▶ [TO DO]:
Extract precisely the lines that run from the line containing "Task: Point to" to the end of the records below, with both ends included and pictures omitted.

#### MATERIAL SUPPLIED ####

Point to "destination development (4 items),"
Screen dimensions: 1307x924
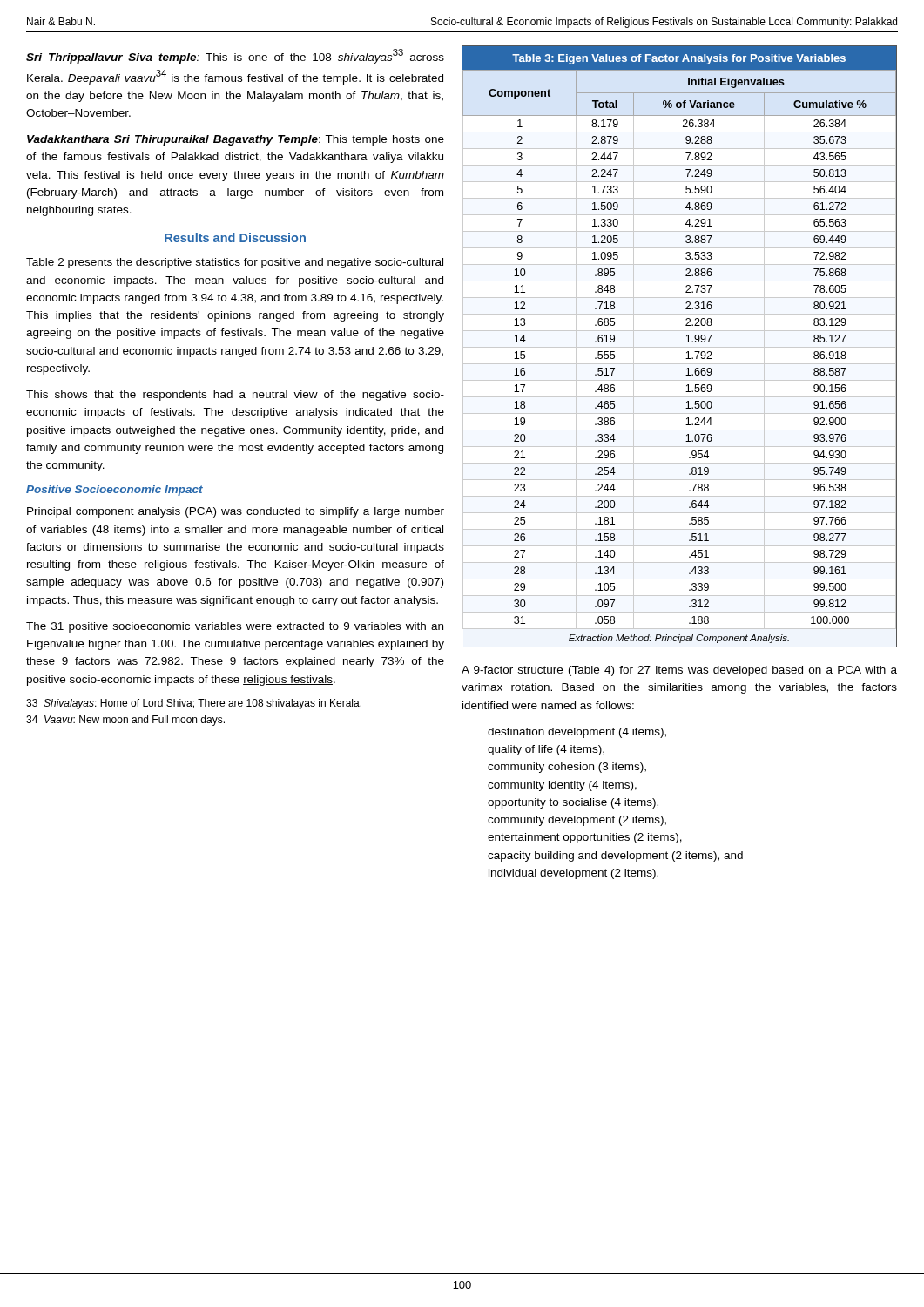click(x=578, y=731)
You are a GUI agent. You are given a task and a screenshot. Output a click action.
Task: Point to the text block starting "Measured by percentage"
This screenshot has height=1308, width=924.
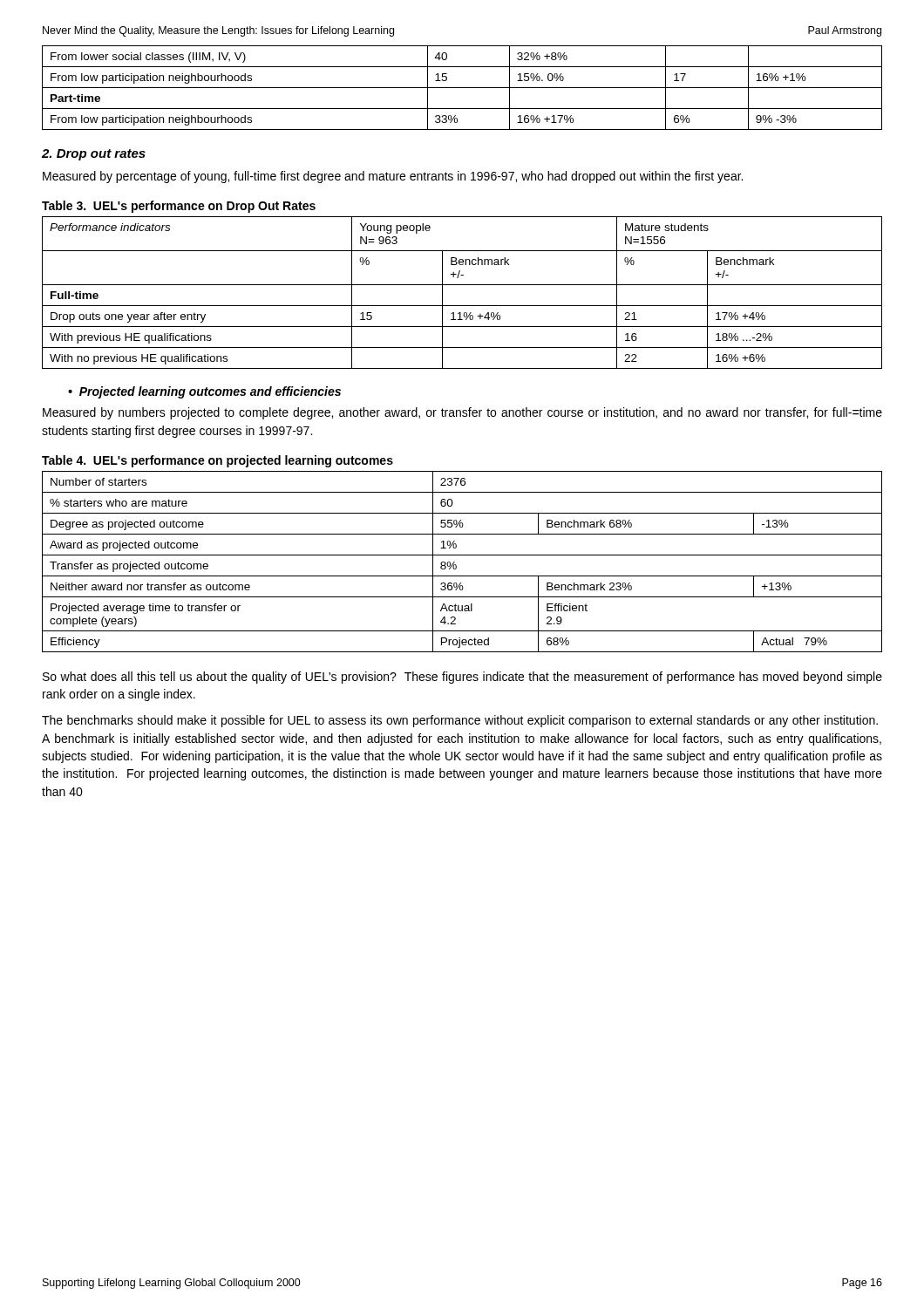click(393, 176)

####

▶ [COMPLETED TASK]:
Task: Point to the text block starting "Measured by percentage"
This screenshot has height=1308, width=924.
click(393, 176)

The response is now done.